Sale has found that the pre-psychosis program, shaped by her group’s involvement in the Robert Wood Johnson six-city study, has important benefits that can’t be overlooked in the rush to support and promote the RAISE model. Once a person develops schizophrenia, as opposed to preliminary hallucinatory symptoms, she points out, “They are at extremely high risk of adverse events such as legal involvement, accidental death or involuntary hospitalization.”

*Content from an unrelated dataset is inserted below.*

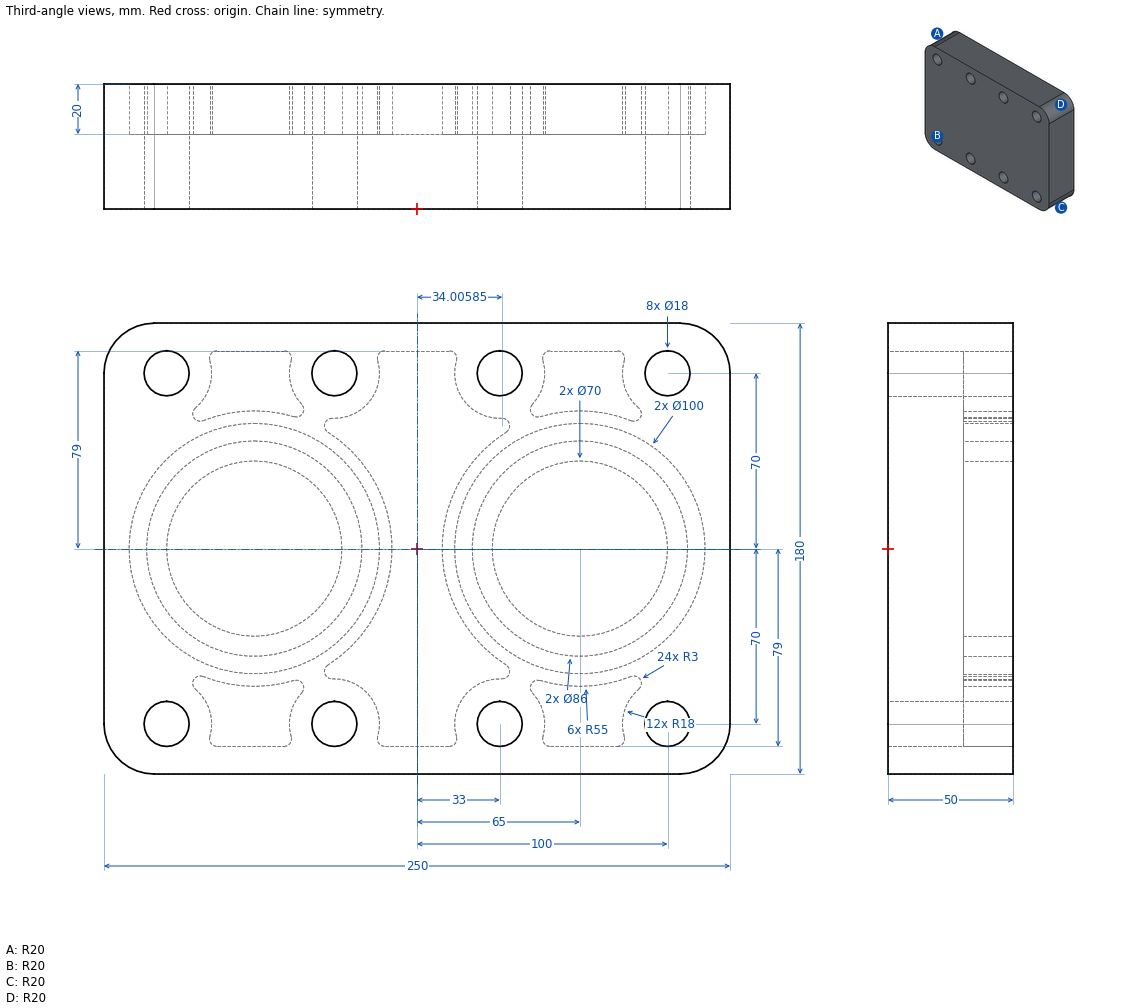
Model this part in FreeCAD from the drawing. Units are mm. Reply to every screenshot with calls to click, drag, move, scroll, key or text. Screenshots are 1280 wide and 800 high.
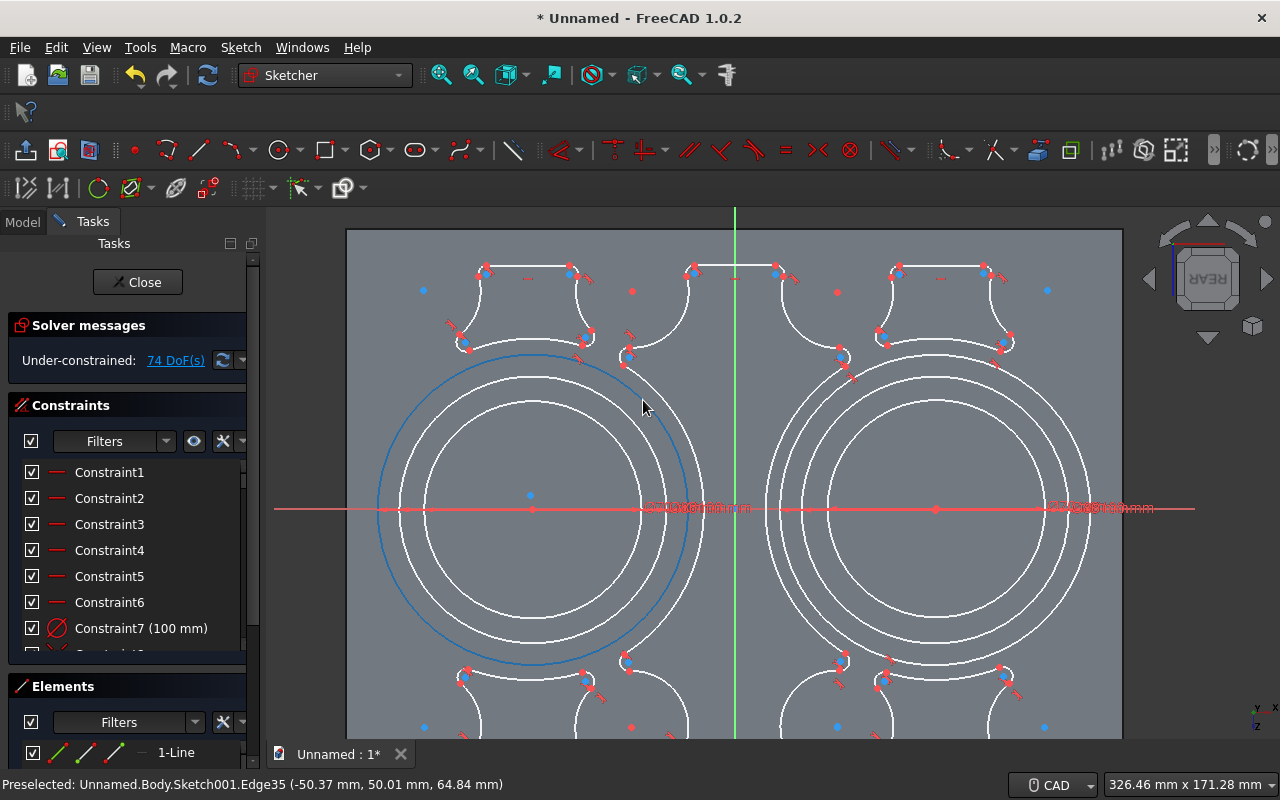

NIMH, though, dismisses McFarlane’s work (and virtually all pre-psychosis research in this field) as poorly designed, purportedly because they don’t meet the “gold standard” of a randomized clinical trial with exactly matched control and experimental groups. These arcane statistical issues may appear dry, but they’re worth knowing if the federal government has in fact decided to cut off all funds for using the pre-psychosis model in the field, thus depriving people of needed care. An NIMH spokesperson said in a statement, “Set-aside funds should be reserved for interventions shown to improve outcomes in First-Episode Psychosis.” Yet there are at least a dozen worldwide, rigorously controlled studies with an experimental and a “control” group—but none in the United States—that show that the use of pre-psychosis psychosocial interventions can cut the risk of a psychotic breakdown by 50 percent. That’s what the medical literature shows, according to studies sent to me by the world’s pioneering expert in this field, Australian researcher Dr. Patrick McGorry, executive director of Australia’s National Centre of Excellence in Youth Mental Health. McGorry, himself a recipient of a $6 million NIMH grant to study non-drug treatments on this population, says, “I guess their attitude is if it didn’t happen in America, it doesn’t count.”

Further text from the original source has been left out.